### Exercise:
In the material below, find the span from the line with "During a naval" to the line with "Step 3: Find" and transcribe only those lines, exactly, ends included, without the pictures.

### Material supplied:
┌────────
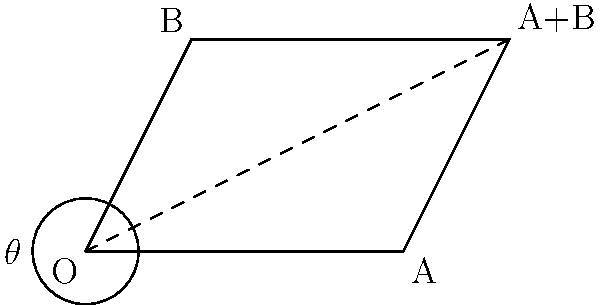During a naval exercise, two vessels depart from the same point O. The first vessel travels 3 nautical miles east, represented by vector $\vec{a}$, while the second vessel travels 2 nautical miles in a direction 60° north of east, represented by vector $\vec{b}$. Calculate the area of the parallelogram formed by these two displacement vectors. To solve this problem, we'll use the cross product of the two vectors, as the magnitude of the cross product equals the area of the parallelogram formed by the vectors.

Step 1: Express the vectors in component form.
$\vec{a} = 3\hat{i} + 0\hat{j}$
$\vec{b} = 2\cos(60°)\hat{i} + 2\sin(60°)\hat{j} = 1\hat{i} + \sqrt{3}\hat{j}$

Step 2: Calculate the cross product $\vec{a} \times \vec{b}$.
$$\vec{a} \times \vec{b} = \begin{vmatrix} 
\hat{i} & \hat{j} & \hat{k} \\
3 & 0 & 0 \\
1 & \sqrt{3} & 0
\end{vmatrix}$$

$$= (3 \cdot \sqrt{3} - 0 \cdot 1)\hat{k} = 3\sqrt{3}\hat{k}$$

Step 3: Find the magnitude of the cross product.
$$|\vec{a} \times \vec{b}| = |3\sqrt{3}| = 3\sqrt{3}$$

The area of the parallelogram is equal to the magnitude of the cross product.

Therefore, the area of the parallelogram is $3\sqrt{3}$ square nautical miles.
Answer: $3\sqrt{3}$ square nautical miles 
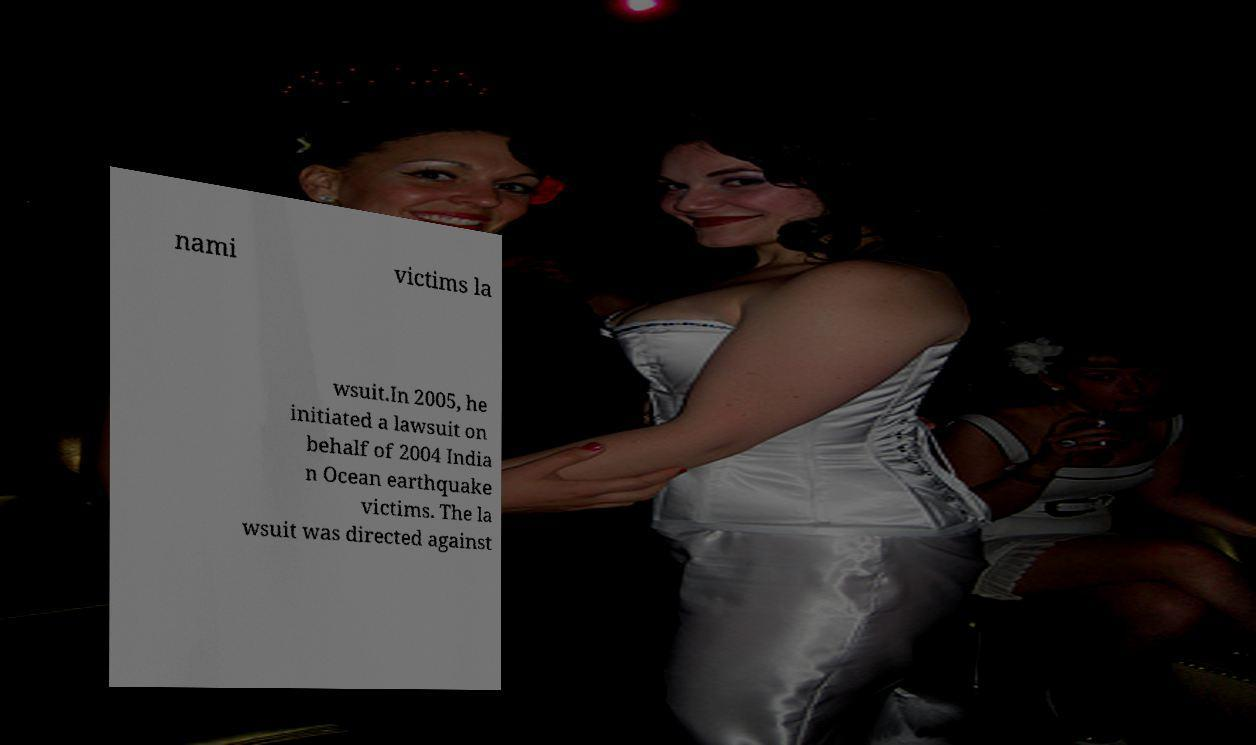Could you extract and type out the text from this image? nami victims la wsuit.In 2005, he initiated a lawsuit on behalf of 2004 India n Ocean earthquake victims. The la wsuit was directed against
└────────
┌────────
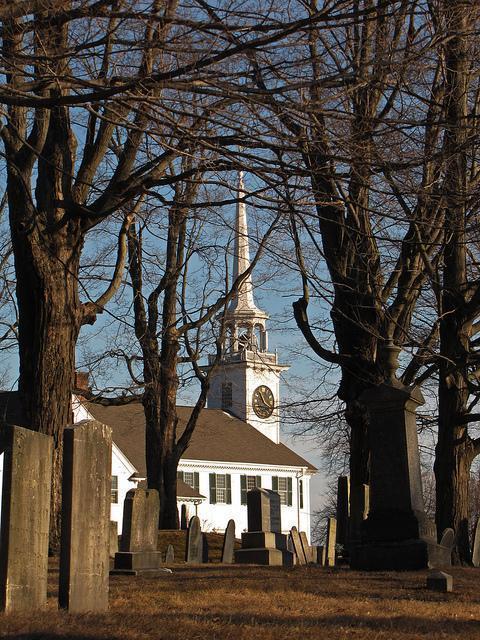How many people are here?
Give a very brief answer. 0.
└────────
### Answer section:
During a naval exercise, two vessels depart from the same point O. The first vessel travels 3 nautical miles east, represented by vector $\vec{a}$, while the second vessel travels 2 nautical miles in a direction 60° north of east, represented by vector $\vec{b}$. Calculate the area of the parallelogram formed by these two displacement vectors. To solve this problem, we'll use the cross product of the two vectors, as the magnitude of the cross product equals the area of the parallelogram formed by the vectors.

Step 1: Express the vectors in component form.
$\vec{a} = 3\hat{i} + 0\hat{j}$
$\vec{b} = 2\cos(60°)\hat{i} + 2\sin(60°)\hat{j} = 1\hat{i} + \sqrt{3}\hat{j}$

Step 2: Calculate the cross product $\vec{a} \times \vec{b}$.
$$\vec{a} \times \vec{b} = \begin{vmatrix} 
\hat{i} & \hat{j} & \hat{k} \\
3 & 0 & 0 \\
1 & \sqrt{3} & 0
\end{vmatrix}$$

$$= (3 \cdot \sqrt{3} - 0 \cdot 1)\hat{k} = 3\sqrt{3}\hat{k}$$

Step 3: Find the magnitude of the cross product.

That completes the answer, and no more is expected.